El primer día del Año Nuevo, como ya es habitual, transmitimos el discurso del jefe de Estado a toda la nación. La máxima autoridad de Eslovaquia, Peter Pelegrini, se dirigió a los ciudadanos con estas palabras:
Queridos eslovacos y eslovacas, queridos conciudadanos:
Ante todo, permítanme desearles a todos un Año Nuevo en paz y una salud férrea durante todo el 2026.
Ojala puedan estar rodeados de personas a las que aman, en quienes pueden confiar y que los apoyan en los momentos difíciles. Que sus vidas sean lo mejor posible y que disfruten de tantos momentos hermosos y agradables como puedan a lo largo del año, lo cual será una fuente de alegría y satisfacción interior.
El presidente considera que 2025 ha sido un aňo turbulento, lleno de contrastes. Mientras los ciudadanos se unen y sacan adelante el país con su trabajo y dedicación, los políticos a menudo construyen muros, generan odio y no resuelven los problemas reales. Sin embargo, el presidente se opone firmemente a que se presente Eslovaquia como un país donde es imposible vivir. Advierte que el negativismo y la frustración generalizados son una amenaza para el desarrollo futuro.
Existe un gran riesgo de que la sociedad eslovaca pierda gradualmente algo que ha constituido la base de sus valores naturales durante siglos: la pertenencia, la ayuda al prójimo, la solidaridad intergeneracional, la humanidad y la decencia mutua. Estas fueron las cualidades que nos caracterizaron durante muchos años, las que nos inculcaron nuestros padres y con las que crecimos. Si perdemos esta lucha, si perdemos la batalla diaria contra el odio, también perderemos nuestra propia identidad eslovaca.
El presidente llamó la atención sobre el poder destructivo de las redes sociales, donde el mal se propaga seis veces más rápido que el bien, provocando la pérdida de la identidad eslovaca basada en la decencia.
Me gustaría que incluso las críticas justificadas, solo por nuestra oposición a un oponente político, no nos cegaran hasta el punto de impedirnos disfrutar de las cosas que realmente valen la pena. Intentemos ver las noticias sobre la construcción de nuevos hospitales, la apertura de nuevos tramos de carreteras o la reconstrucción de escuelas desde la perspectiva de que estos proyectos realmente mejoran nuestras vidas. Puede que lleguen un poco más tarde de lo que nos gustaría, pero volver constantemente al pasado no nos lleva a ninguna parte.

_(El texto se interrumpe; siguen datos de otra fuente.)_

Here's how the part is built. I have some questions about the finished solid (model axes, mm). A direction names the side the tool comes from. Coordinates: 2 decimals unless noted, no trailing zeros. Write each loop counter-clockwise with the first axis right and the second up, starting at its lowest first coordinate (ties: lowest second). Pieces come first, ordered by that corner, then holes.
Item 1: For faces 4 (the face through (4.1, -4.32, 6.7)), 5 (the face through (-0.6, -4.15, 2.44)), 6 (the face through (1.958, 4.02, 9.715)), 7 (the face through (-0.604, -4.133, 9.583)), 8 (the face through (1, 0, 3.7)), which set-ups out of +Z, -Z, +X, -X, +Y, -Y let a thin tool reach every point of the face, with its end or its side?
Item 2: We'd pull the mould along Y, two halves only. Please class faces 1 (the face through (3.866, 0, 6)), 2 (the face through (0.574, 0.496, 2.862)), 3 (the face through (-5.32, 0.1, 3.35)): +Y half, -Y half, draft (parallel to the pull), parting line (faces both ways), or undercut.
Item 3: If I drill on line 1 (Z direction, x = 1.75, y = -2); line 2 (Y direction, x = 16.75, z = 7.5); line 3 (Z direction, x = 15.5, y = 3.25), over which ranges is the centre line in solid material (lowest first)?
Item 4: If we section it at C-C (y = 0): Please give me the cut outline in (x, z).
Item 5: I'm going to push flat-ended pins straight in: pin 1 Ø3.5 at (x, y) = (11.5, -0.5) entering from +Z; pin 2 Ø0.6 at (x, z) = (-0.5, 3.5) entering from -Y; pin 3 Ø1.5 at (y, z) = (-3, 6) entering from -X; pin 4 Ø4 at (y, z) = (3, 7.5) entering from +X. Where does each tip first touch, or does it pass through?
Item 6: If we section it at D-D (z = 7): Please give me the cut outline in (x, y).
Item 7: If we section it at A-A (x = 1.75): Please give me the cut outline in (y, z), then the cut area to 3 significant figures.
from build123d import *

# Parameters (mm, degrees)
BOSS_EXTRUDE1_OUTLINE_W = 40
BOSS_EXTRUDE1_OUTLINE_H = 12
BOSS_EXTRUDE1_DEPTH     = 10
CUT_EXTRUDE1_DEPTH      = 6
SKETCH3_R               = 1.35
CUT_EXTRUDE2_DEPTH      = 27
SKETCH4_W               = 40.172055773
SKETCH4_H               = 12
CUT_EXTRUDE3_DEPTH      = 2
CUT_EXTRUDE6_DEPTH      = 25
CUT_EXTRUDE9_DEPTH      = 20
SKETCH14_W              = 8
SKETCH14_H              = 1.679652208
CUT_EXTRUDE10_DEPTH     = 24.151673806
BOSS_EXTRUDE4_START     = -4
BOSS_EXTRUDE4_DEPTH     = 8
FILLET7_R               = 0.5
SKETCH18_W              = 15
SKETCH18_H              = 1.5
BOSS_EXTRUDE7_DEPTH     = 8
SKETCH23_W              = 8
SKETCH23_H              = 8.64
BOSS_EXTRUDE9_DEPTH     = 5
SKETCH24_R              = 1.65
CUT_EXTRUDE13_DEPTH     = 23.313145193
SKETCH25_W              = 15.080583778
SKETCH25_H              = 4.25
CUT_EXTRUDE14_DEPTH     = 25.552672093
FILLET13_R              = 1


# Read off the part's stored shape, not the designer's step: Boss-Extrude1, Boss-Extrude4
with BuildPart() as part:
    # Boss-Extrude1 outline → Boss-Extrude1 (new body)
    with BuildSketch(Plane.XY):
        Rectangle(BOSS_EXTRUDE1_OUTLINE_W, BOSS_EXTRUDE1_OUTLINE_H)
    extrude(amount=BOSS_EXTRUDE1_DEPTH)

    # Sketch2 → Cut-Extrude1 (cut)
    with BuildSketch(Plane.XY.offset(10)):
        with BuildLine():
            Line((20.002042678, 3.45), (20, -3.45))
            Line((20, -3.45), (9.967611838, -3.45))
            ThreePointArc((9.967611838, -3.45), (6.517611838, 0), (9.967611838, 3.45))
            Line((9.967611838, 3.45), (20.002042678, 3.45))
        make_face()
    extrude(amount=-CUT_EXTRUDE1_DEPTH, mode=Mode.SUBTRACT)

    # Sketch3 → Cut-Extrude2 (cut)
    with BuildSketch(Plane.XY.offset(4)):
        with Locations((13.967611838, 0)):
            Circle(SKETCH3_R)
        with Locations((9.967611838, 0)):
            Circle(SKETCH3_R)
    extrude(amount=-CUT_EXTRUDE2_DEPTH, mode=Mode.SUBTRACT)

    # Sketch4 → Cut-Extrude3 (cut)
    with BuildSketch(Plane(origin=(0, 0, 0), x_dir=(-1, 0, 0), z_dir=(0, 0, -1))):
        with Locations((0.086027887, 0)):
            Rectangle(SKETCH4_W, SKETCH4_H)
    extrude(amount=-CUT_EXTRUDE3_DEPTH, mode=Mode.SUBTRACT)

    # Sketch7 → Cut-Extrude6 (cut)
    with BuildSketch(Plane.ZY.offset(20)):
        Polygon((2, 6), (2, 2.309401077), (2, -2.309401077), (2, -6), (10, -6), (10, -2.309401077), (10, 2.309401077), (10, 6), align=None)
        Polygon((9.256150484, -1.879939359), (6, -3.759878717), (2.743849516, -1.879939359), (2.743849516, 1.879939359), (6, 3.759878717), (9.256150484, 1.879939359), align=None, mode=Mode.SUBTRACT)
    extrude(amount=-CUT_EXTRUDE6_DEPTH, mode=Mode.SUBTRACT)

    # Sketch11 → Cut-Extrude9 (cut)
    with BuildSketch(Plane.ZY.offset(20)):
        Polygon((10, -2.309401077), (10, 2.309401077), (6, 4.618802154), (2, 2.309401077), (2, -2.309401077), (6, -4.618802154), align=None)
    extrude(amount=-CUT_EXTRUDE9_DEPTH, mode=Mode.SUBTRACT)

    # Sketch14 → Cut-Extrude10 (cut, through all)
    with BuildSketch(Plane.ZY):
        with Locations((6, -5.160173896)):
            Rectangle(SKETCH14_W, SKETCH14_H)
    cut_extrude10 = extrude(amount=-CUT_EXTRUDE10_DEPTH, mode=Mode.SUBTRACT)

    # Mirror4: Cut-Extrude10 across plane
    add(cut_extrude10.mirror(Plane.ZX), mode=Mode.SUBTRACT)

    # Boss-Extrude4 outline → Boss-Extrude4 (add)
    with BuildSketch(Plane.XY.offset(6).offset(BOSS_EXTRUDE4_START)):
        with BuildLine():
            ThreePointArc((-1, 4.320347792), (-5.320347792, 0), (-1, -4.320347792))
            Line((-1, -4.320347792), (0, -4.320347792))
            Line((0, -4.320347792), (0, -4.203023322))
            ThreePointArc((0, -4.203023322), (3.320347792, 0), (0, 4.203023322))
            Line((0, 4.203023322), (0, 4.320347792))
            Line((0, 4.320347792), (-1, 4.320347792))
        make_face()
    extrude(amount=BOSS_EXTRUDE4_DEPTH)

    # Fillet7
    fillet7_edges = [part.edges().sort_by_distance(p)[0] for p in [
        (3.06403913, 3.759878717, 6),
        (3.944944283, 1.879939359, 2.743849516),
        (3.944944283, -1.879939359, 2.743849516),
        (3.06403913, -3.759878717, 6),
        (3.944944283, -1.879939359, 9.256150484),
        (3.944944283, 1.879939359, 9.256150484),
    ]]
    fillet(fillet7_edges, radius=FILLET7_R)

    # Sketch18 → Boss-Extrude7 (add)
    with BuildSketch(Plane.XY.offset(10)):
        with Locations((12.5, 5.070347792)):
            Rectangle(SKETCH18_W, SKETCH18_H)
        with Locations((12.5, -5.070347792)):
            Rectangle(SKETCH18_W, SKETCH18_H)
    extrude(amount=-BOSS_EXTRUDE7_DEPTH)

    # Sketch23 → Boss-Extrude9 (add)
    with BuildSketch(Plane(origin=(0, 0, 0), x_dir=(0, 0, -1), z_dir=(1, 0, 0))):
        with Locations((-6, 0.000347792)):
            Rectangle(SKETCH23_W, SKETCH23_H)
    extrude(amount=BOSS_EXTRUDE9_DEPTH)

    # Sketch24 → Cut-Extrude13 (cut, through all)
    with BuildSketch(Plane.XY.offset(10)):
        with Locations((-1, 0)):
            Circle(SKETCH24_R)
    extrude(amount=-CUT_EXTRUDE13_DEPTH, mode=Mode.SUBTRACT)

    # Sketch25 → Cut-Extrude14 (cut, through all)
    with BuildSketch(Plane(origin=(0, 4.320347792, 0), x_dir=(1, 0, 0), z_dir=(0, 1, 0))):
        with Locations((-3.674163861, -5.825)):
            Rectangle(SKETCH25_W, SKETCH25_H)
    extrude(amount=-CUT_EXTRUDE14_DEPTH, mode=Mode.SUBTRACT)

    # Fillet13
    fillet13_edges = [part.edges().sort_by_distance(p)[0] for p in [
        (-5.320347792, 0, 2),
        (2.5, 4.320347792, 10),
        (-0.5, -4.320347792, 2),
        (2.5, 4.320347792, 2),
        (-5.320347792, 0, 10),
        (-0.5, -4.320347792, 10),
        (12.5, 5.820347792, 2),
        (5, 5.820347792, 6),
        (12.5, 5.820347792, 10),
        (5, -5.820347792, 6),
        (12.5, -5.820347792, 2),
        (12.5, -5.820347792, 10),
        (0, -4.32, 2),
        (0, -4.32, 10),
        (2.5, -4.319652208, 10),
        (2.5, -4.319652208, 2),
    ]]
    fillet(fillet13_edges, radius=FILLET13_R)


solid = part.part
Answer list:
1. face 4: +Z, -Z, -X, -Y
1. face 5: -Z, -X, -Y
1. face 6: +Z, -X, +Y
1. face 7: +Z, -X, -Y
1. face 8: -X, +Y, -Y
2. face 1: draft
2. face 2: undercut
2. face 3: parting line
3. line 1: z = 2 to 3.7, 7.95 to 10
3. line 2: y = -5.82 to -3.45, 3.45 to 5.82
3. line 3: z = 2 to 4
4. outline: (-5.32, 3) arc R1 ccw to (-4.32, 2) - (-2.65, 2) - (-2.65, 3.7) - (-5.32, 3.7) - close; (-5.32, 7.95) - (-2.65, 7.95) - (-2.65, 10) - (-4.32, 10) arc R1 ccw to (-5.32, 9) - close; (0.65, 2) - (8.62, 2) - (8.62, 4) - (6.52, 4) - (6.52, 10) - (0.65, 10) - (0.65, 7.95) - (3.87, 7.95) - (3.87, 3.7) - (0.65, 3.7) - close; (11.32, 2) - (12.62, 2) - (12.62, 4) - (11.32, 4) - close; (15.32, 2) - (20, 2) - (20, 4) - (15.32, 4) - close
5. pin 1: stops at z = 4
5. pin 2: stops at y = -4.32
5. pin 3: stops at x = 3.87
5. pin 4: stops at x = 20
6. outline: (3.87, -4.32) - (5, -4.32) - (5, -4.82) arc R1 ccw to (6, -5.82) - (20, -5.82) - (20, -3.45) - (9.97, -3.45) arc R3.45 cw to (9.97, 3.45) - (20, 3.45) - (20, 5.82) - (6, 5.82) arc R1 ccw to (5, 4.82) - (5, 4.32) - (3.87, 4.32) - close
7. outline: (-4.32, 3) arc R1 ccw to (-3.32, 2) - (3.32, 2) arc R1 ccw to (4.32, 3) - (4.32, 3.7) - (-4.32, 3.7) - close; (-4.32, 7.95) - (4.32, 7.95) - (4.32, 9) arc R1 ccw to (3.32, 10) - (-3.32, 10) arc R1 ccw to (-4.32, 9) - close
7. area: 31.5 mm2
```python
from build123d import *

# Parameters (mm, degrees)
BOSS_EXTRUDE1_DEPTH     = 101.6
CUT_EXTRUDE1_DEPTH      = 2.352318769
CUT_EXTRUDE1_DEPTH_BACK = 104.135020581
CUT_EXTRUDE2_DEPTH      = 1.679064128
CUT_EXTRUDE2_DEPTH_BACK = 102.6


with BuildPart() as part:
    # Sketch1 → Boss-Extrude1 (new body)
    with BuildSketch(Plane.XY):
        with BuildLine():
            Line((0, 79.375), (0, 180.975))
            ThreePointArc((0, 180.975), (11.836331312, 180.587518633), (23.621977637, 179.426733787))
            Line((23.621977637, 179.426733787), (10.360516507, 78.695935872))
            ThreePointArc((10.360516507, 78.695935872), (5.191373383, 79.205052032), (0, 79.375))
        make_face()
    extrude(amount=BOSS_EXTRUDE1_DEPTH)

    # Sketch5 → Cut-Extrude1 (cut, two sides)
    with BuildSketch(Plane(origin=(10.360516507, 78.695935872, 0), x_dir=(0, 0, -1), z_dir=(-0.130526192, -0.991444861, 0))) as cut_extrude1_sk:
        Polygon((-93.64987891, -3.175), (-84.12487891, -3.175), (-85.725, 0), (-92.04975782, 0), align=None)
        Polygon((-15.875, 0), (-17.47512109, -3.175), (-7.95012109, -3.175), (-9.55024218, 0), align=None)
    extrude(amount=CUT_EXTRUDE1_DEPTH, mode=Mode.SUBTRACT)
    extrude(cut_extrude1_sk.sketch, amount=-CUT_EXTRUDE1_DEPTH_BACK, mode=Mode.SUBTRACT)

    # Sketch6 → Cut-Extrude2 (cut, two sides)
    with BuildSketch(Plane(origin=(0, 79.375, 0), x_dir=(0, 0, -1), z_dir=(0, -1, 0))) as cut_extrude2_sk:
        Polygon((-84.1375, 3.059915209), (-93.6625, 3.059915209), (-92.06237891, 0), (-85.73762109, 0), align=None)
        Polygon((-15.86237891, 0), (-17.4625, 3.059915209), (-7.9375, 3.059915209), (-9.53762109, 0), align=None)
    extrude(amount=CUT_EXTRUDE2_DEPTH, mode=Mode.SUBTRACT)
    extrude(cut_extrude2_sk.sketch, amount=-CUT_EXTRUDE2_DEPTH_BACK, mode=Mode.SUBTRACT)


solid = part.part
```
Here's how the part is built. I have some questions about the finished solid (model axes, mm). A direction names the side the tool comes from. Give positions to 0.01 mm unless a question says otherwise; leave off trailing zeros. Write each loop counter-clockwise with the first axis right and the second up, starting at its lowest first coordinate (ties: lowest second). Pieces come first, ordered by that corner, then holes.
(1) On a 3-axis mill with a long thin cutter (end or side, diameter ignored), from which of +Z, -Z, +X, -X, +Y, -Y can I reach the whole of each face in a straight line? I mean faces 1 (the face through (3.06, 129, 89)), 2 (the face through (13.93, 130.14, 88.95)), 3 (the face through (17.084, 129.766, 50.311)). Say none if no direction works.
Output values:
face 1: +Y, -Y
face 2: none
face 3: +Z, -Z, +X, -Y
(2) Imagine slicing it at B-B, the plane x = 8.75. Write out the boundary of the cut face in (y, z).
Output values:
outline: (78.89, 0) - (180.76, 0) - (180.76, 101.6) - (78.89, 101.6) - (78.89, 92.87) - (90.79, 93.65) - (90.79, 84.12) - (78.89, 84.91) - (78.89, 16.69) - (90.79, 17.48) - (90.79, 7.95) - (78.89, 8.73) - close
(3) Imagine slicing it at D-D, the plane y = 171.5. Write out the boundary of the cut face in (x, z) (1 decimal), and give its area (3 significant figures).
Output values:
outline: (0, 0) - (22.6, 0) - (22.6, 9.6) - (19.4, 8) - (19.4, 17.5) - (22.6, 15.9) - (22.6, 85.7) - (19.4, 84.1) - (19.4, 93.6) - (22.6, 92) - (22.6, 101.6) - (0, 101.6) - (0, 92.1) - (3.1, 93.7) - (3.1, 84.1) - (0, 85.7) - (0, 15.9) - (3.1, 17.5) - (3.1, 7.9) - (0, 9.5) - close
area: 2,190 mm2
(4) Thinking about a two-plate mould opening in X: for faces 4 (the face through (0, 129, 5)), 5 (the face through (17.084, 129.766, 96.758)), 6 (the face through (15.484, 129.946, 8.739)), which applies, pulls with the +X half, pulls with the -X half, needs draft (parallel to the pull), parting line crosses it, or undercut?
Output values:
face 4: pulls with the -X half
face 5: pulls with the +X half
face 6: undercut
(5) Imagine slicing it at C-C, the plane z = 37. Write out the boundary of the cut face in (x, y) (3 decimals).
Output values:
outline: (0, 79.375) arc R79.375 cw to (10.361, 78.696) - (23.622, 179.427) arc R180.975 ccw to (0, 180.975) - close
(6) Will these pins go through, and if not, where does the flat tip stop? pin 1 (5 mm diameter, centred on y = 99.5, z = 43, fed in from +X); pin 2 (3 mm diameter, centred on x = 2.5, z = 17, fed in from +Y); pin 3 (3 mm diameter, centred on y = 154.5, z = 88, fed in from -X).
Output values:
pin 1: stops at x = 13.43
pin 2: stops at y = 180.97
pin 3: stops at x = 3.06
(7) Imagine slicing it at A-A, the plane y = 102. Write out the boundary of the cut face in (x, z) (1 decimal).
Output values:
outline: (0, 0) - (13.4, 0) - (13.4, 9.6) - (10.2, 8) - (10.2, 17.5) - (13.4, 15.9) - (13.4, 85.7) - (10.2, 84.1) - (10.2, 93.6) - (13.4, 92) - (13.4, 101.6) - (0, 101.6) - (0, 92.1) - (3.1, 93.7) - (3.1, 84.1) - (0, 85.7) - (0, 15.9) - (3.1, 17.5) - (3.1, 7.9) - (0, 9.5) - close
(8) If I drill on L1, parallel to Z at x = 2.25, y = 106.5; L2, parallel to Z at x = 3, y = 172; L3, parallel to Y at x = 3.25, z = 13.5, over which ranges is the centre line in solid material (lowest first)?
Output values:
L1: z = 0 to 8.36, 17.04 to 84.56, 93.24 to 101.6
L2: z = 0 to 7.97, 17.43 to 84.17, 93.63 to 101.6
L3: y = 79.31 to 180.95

En un contexto global, resaltó la seguridad de la República Eslovaca como uno de sus mayores valores, a menudo más valorada por los extranjeros que por los propios residentes locales. Pide que se ponga fin al menosprecio fácil de la sanidad y la educación. Nos recuerda que, a pesar de las deficiencias, tenemos acceso a una atención y una educación de primer nivel que son inaccesibles económicamente en otras partes del mundo.
Como presidente, visito muchos países en diferentes partes del mundo. Y con mucha frecuencia, incluso en los países más desarrollados, escuchamos recomendaciones: “No paseen de noche, tengan cuidado, es una zona peligrosa“. Sin embargo, Eslovaquia sigue siendo uno de los países más seguros del mundo y es un gran activo que vale la pena apreciar, y que cada vez más aprecian los extranjeros que nos visitan. Es una sensación muy agradable no tener que preocuparnos por la seguridad de nuestros hijos camino al colegio, la de nuestros abuelos en casa o la nuestra al pasear por la ciudad o por los mercados navideños.
Al final de su alocución de Año Nuevo, el presidente de la República, Peter Pellegrini, llamó a los ciudadanos a no renunciar a la vida en Eslovaquia bajo la presión de los problemas, ya que el hogar y
Por eso, creo firmemente que al año anterior, un aňo de contrastes y negativismo, le seguirá un nuevo año de paz, tranquilidad y prosperidad. Confío en que, gracias a las historias positivas de la gente, traeremos al nuevo año esperanza, comprensión y respeto por los demás.
Unámonos por los buenos pensamientos. Eslovaquia es nuestra patria, vivimos aquí y aquí forjemos juntos un futuro mejor.
Que todos y cada uno de ustedes tengan muchos éxitos, que la República Eslovaca prospere y que estemos más unidos que nunca como nación. Que Dios nos ayude en esto.